A queda das taxas de natalidade também chamou a atenção dos decisores políticos, com alguns a procurarem lançar ferramentas para incentivar os casais jovens a terem filhos.
A administração do presidente dos Estados Unidos, Donald Trump, comprometeu-se a adoptar uma política pró-natalidade, por vezes referida como uma política pró-natalista.

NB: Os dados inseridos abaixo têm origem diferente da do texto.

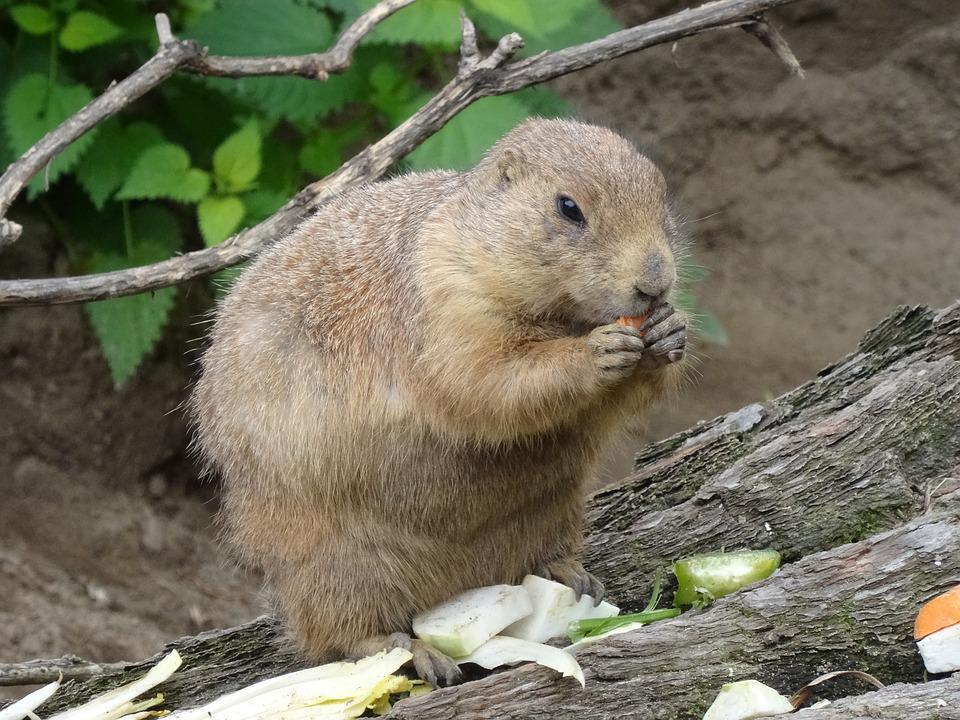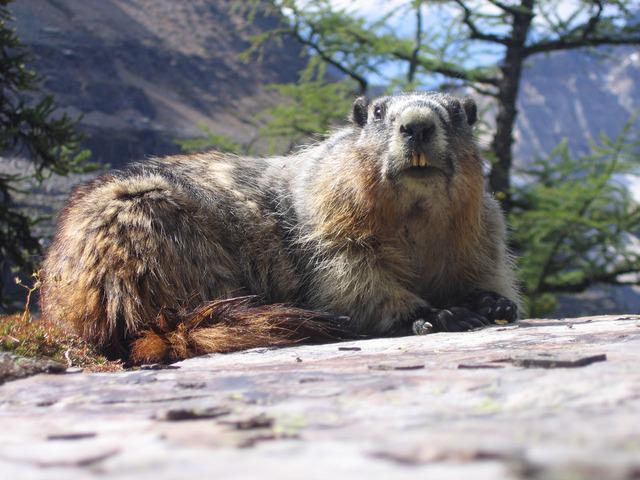The first image is the image on the left, the second image is the image on the right. Given the left and right images, does the statement "An image features an upright marmot with something clasped in its paws at mouth-level." hold true? Answer yes or no. Yes. The first image is the image on the left, the second image is the image on the right. Considering the images on both sides, is "The animal in the image on  the right is standing on its hind legs." valid? Answer yes or no. No. 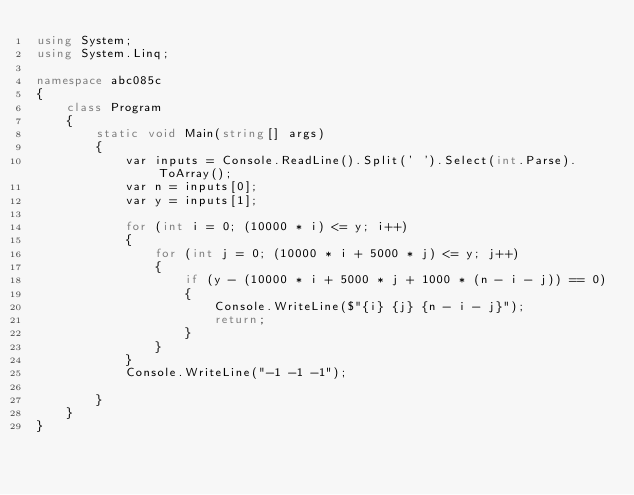Convert code to text. <code><loc_0><loc_0><loc_500><loc_500><_C#_>using System;
using System.Linq;

namespace abc085c
{
    class Program
    {
        static void Main(string[] args)
        {
            var inputs = Console.ReadLine().Split(' ').Select(int.Parse).ToArray();
            var n = inputs[0];
            var y = inputs[1];

            for (int i = 0; (10000 * i) <= y; i++)
            {
                for (int j = 0; (10000 * i + 5000 * j) <= y; j++)
                {
                    if (y - (10000 * i + 5000 * j + 1000 * (n - i - j)) == 0)
                    {
                        Console.WriteLine($"{i} {j} {n - i - j}");
                        return;
                    }
                }
            }
            Console.WriteLine("-1 -1 -1");

        }
    }
}
</code> 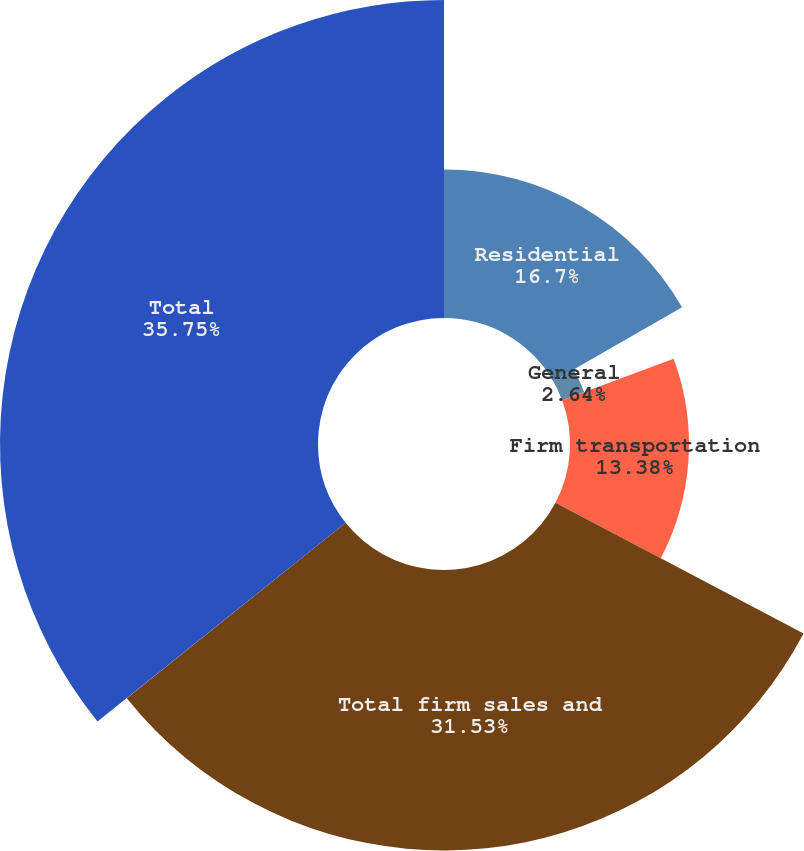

No ano passado, a administração elogiou novas directrizes para melhorar o acesso ao tratamento de fertilização in vitro como prova de que o Partido Republicano é o “partido dos pais”.
No entanto, tais medidas foram acompanhadas por grandes reduções no acesso aos cuidados de saúde governamentais e a outros programas sociais.
Depois de revelar o seu recente pedido de orçamento para o ano fiscal de 2027, Trump justificou a necessidade de cortar gastos sociais, ao mesmo tempo que defendeu o seu pedido de 1,5 biliões de dólares para gastos militares.
Ele sugeriu que os programas federais existentes fossem transferidos para os estados, que possuem recursos variados.
“Os Estados Unidos não podem cuidar das creches. Isso cabe aos estados. Não podemos cuidar das creches. Somos um país grande”, disse Trump na semana passada.
“Medicaid, Medicare, todas essas coisas individuais, eles podem fazer isso em nível estadual. Você não pode fazer isso em nível federal. Temos que cuidar de uma coisa: proteção militar. Temos que cuidar do país. Mas todas essas pequenas coisas, todos esses pequenos golpes que aconteceram, você tem que deixar os estados cuidarem deles.”
Os políticos de direita também estão fixados no declínio das taxas de natalidade nos países ocidentais, utilizando-o para promover a narrativa de que a maioria branca pode ser “substituída” por imigrantes de países não ocidentais.
O número de bebés nascidos nos EUA em 2025 também registou uma ligeira diminuição de cerca de um por cento, para 3,6 milhões.